Мальчики легли на песок, подперев головы руками. Они задумчиво смотрели на другой берег — там ребятишки бросали в воду камешки, подпрыгивавшие на волнах. Над ними свисали багровеющие ветви акаций, трепещущие под дуновением ветерка. Мальчики напоминали сейчас потерпевших кораблекрушение, с печалью вспоминающих о своем затонувшем судне.
— Попались как ишаки, а как было хорошо! — вздохнул Тонин.
— Хорошо, — подтвердил Павлек.
— Увидимся ли мы еще когда-нибудь? — спросил Филипп.
— Я убегу за границу, в Югославию, — сказал Павлек, принявший такое решение этой ночью. — Там у меня тетка. Буду учиться.
— Плевал я на школу! — зло проговорил Тонин. — Буду слесарить. Пойду в ученики к отцу, — усмехнулся он горько.
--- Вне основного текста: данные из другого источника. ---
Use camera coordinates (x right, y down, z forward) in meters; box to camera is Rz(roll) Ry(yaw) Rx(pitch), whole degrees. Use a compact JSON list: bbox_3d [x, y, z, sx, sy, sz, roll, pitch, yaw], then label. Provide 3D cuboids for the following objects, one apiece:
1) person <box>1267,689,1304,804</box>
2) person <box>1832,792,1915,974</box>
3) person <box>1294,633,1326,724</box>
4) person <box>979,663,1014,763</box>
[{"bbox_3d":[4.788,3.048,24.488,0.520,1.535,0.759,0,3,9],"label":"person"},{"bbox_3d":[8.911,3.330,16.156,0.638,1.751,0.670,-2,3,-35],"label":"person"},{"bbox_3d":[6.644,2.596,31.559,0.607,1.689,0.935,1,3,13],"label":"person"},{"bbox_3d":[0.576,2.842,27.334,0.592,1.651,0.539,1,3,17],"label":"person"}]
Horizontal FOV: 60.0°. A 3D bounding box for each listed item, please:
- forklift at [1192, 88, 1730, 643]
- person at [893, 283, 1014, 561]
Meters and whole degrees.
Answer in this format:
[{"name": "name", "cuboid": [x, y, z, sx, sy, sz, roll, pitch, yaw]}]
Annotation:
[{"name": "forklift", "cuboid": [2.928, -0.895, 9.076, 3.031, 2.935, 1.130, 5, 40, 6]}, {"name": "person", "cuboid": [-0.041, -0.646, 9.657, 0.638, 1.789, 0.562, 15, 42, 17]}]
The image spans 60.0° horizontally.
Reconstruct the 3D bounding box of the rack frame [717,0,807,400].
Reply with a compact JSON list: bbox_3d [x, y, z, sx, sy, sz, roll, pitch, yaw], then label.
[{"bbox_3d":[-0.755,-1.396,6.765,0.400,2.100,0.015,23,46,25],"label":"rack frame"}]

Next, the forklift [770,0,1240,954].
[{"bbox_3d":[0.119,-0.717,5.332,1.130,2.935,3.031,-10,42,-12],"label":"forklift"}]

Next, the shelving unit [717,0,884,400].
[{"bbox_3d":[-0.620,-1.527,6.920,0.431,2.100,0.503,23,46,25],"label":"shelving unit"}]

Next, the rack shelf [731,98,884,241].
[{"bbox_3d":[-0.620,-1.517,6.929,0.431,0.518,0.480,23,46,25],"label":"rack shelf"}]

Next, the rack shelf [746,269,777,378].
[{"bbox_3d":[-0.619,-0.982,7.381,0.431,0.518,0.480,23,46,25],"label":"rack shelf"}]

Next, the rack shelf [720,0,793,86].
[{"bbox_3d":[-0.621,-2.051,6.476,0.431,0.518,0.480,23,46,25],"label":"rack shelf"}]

— А у меня дядя живет в Австралии, — поделился своими планами Филипп. — Я напишу ему, попрошу выслать денег на дорогу.
Да, дядя Филиппа в самом деле жил в Австралии, но мечтам Филиппа не суждено было сбыться. Три года он напрасно ждал ответа. Кто знает, где затерялось письмо? Вместо Австралии Филипп попал в столярную мастерскую, куда отец спустя неделю отдал его в учение.
Пути «черных братьев» расходились. Они долго молчали, грустно было у них на душе.
— Писать будем, — подал голос Павлек.
— Обязательно, — подтвердил Тонин. — Часто будем писать.
Они двинулись каждый по своей тропке и долго оглядывались, ища взглядом друг друга.
23
Когда Павлек вернулся в город, он застал в кухне отца. Тот сидел на плетеном стуле, серые глаза его метали молнии. Тут же была госпожа Нина, и он сердито выговаривал ей за то, что Павлек пошел по плохой дороге, словно это была ее вина. Госпожа Нина оскорбленно отвечала ему, что его сын не карапуз, которого можно водить за ручку.
— И в конце концов, что он такого сделал? На вашем месте я не стала бы так кипятиться…
Тут Голя от ярости едва не вышел из себя.
— Теперь я уж ничему не удивляюсь, — хриплым голосом произнес он. — После этого я ничему не удивляюсь! Вы тут все с ума посходили!..
В эту минуту показался Павлек. Он тихо поздоровался и остановился у дверей. Подойти к отцу и подать ему руку он не решился. Под его пристальным взглядом он весь съежился и понуро отошел к окну. Отец следил за ним взглядом, полным горестного упрека.
Когда Голя узнал, что его сына арестовали как бунтовщика, он чуть не лишился рассудка. Лучше бы того обвинили в воровстве! Все эти годы он всячески заискивал перед властями, лишь бы отвести от себя и тень подозрения, а теперь собственный сын подрубил его под корень. Карабинеры перестали его узнавать, секретарь общины бросал на него осуждающие взгляды: «Не знали мы, синьор Голя, что у вас такой дом!» И Голя уже не решался показаться на улице с женой и детьми.